Giu 28

Nevs non potrà utilizzare il marchio Saab

Una foto del marchio Saab (Photo Credit: Saab Automobile Ab)

Per ora…

Il blog internazionale Saabs United ritorna a puntare l’attenzione sul marchio Saab e sull’utilizzo del suo logo. Come molti dei nostri lettori sapranno i diritti di utilizzo di tale marchio devono essere approvati da tutti i co-proprietari di tale logo: Saab Group Ab, Scania Ab ed ovviamente Saab Automobile Ab. La proprietà del marchio è divisa per queste tre società, ma l’utilizzo del logo e del marchio Saab e del suo Grifone è permesso solo se tutte le società condividono i Business Plan dei co-proprietari. I danni di immagine al marchio registrati fino ad oggi sono davvero pesanti e questa particolare attenzione da parte di Saab Goup Ab e di Scania Ab sono più che condivisibili, ma il futuro di questo marchio potrebbe decretare il nuovo inizio o la fine per Saab Automobile Ab.

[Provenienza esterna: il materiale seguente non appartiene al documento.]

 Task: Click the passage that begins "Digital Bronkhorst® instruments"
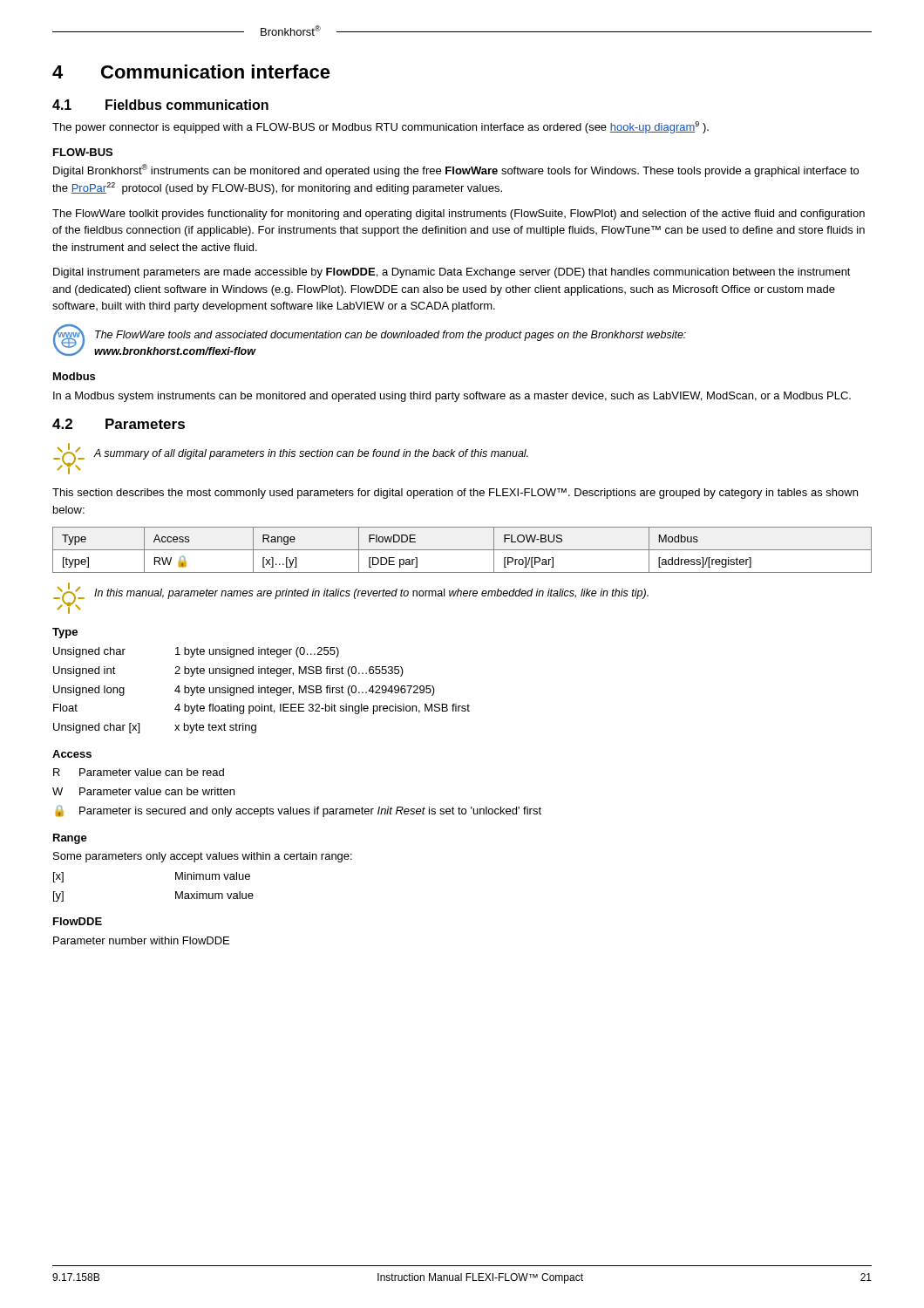(462, 180)
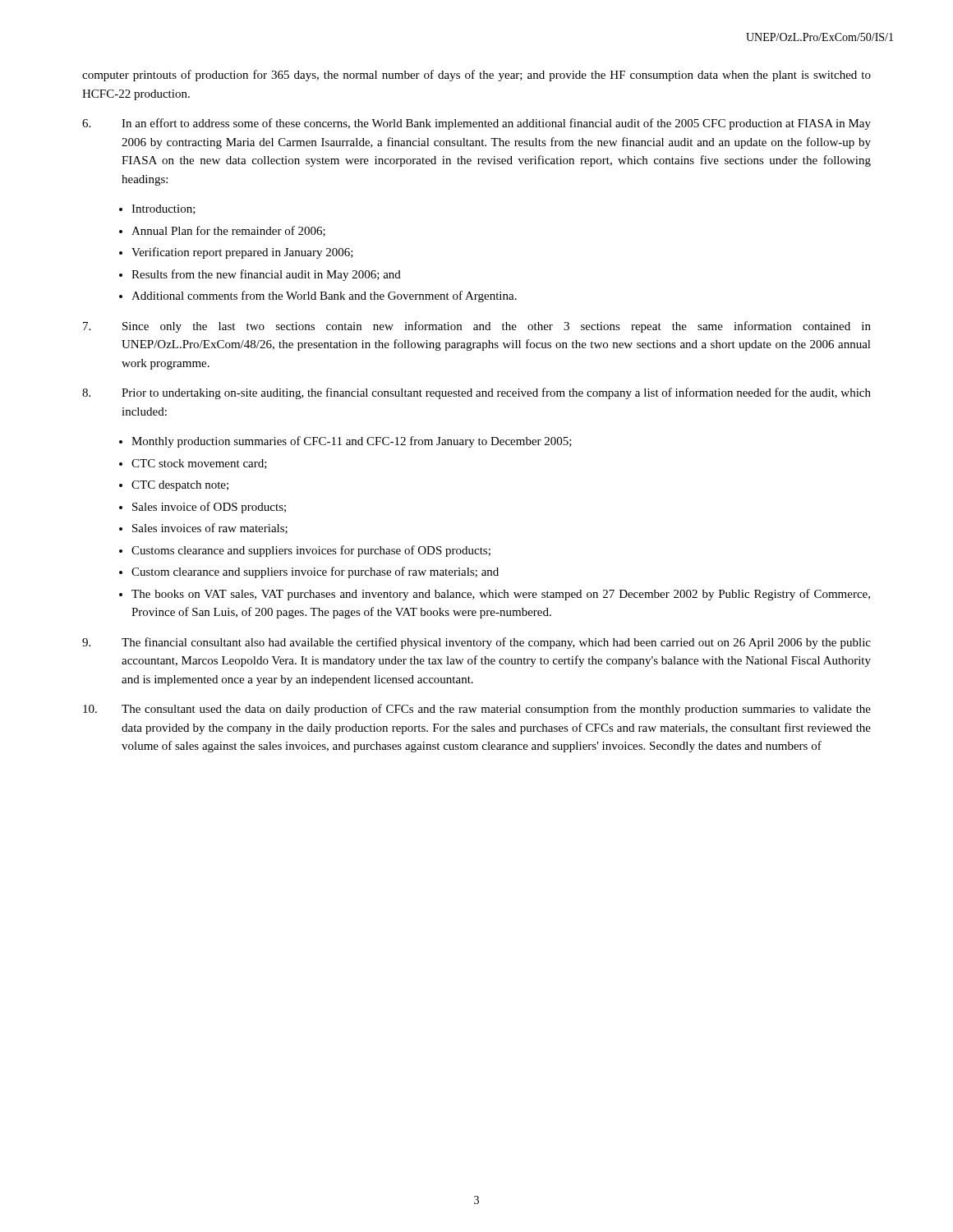Locate the list item containing "Additional comments from the World Bank and the"

[324, 296]

Secondo quanto segnalato proprio oggi dal blog internazionale i meeting tenuti tra i tre co-proprietari non sembrano essersi conclusi positivamente e secondo alcune fonti di Saabs United, Saab Group Ab non concederà i diritti di utilizzo del marchio Saab al consorzio elettrico Nevs. Il nuovo proprietario della casa automobilistica di Trollhättan National Electric Vehicle Sweden Nevs non sembra deciso ad intraprendere ulteriori azioni in questa vicenda, ma sembra interessato soprattutto allo sviluppo di tecnologie come mission principale. In questi anni gli obbiettivi di Nevs saranno diversi, non solo concentrati sullo sviluppo e sulla produzione di vetture elettriche (previste per la fine del 2013), ma su varie mission legate a diversi settori. Non conosciamo ancora chiaramente quali saranno i veri obbiettivi di Nevs, ma se il nuovo proprietario non potrà utilizzare il marchio Saab nei prossimi anni non possiamo che essere preoccupati per il prossimo futuro, fino alla fine del 2013 non è ufficialmente prevista una nuova vettura e per allora è pur vero che gli accordi con Saab Group Ab potrebbero essere nuovamente siglati, ma il grande pubblico ed i consumatori come potranno accettare la ricomparsa di questo marchio sul mercato?